Ad accogliere il pubblico è l’opera “La musica è facile”, ideata nel 1972, presentata alla Galleria Martano di Torino nel 1976 e acquistata dal MAMbo grazie al PAC: un intervento che amplifica e rilancia la riflessione di Giuseppe Chiari sulla natura accessibile, processuale e degerarchizzata dall’esperienza musicale. 

Al centro della Sala delle Ciminiere, il cuore dell’esposizione è caratterizzato da dodici pianoforti preparati che configurano lo spazio come un ambiente immersivo, in cui i pianoforti si prestano come presenze scultoree. Il percorso prosegue con una sezione dedicata alla notazione musicale che riflette le sperimentazioni effettuate da Chiari sulle modalità non canoniche di suonare gli strumenti. I metodi per suonare sono scritti in forma di testi, diagrammi e disegni che testimoniano la ricerca sensoriale ed esplorativa del suono con materia grezza e strumenti come acqua, luce, capelli, sedie e ambienti architettonici. Un altro nucleo è composto dai celebri spartiti cancellati: opere in cui il codice musicale mette in crisi lo statuto e la funzione della notazione tradizionale. 
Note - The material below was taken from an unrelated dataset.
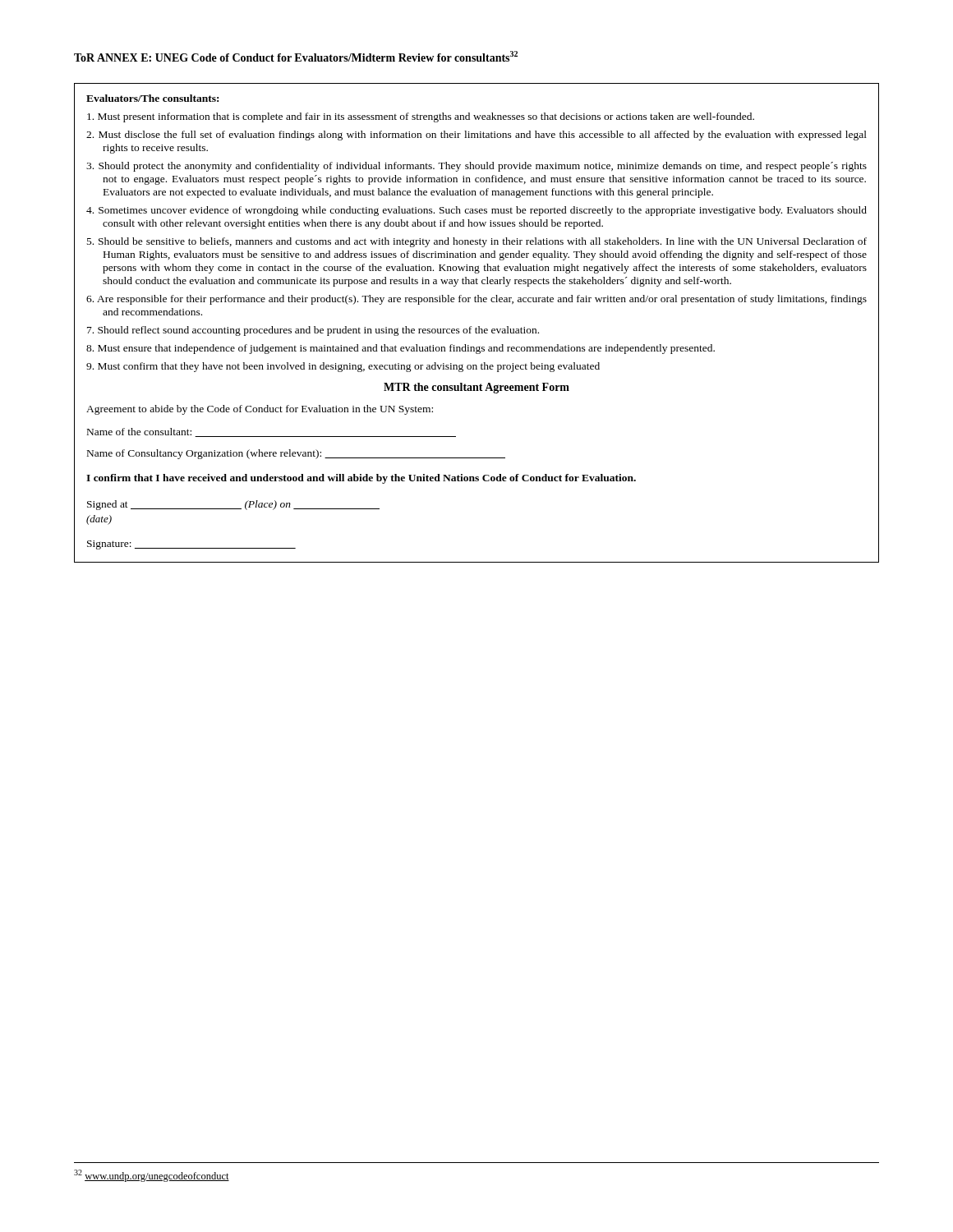This screenshot has width=953, height=1232.
Task: Click where it says "32 www.undp.org/unegcodeofconduct"
Action: click(151, 1175)

Nella galleria interna, la mostra esplora un ulteriore sviluppo della ricerca di Chiari che, dagli anni Settanta, pone al centro la parola nella sua piena autonomia concettuale, svincolata dalla funzione istruttiva. Tra le opere presentate spiccano Art is easy – opera già appartenente alla collezione del MAMbo – e 120 pagine, installazione composta da decine di fotocopie di pagine tratte in parte da un quaderno dell’artista su cui risaltano parole e frasi dattiloscritte, la cui successione si presenta come un flusso disomogeneo di annotazioni che spaziano tra suggestioni visive, gestuali e sonore, in un gioco di rimandi che ripercorre partiture, statement e altri lavori dell’artista. 

Il percorso comprende una vasta selezione di interventi video curata da Cosetta Saba, docente di Analisi del film e di Pratiche audiovisive nella Media Art presso l’Università di Udine. Questi contenuti mostrano la riflessione dell’artista nel carattere processuale e performativo. La rassegna audiovisiva permette di approfondire la dimensione temporale e relazionale del lavoro di Giuseppe Chiari, offrendo un punto di vista esaustivo sulla sua sperimentazione mediale e sulla centralità del gesto. 

Un’intera sala invece è dedicata ad una sezione biografica curata da Stefano Cavaliero, elaborata graficamente da D+ studio, per contestualizzare la figura di Chiari nel panorama del secondo Novecento. Attraverso documenti, fotografie, materiali d’archivio – provenienti dall’Archivio Giuseppe e Victoria Chiari di Mario Chiari – e una dettagliata timeline, viene ricostruita la carriera dell’artista, restituendo un valore storico e documentario della sua opera. Ad accompagnare la mostra, un progetto editoriale dedicato all’artista. Il libro, disponibile sia in italiano che in inglese contiene foto di allestimento, saggi e schede di approfondimento. 

Contestualmente alla mostra, il MAMbo propone, in collaborazione con AngelicA | Centro di Ricerca Musicale e Fondazione Bonotto, un ciclo di tre concerti con la musica di Giuseppe Chiari. Il primo – Intervalli – sarà eseguito dal pianista olandese Reinier van Houdt in occasione dell’opening della mostra giovedì 28 maggio 2026 dalle ore 19.00, mentre il secondo e il terzo sono in programma sabato 26 settembre 2026 alle ore 17.00 con Agnese Toniutti e alle 19.00 con Chiara Saccone & Deborah Walker. 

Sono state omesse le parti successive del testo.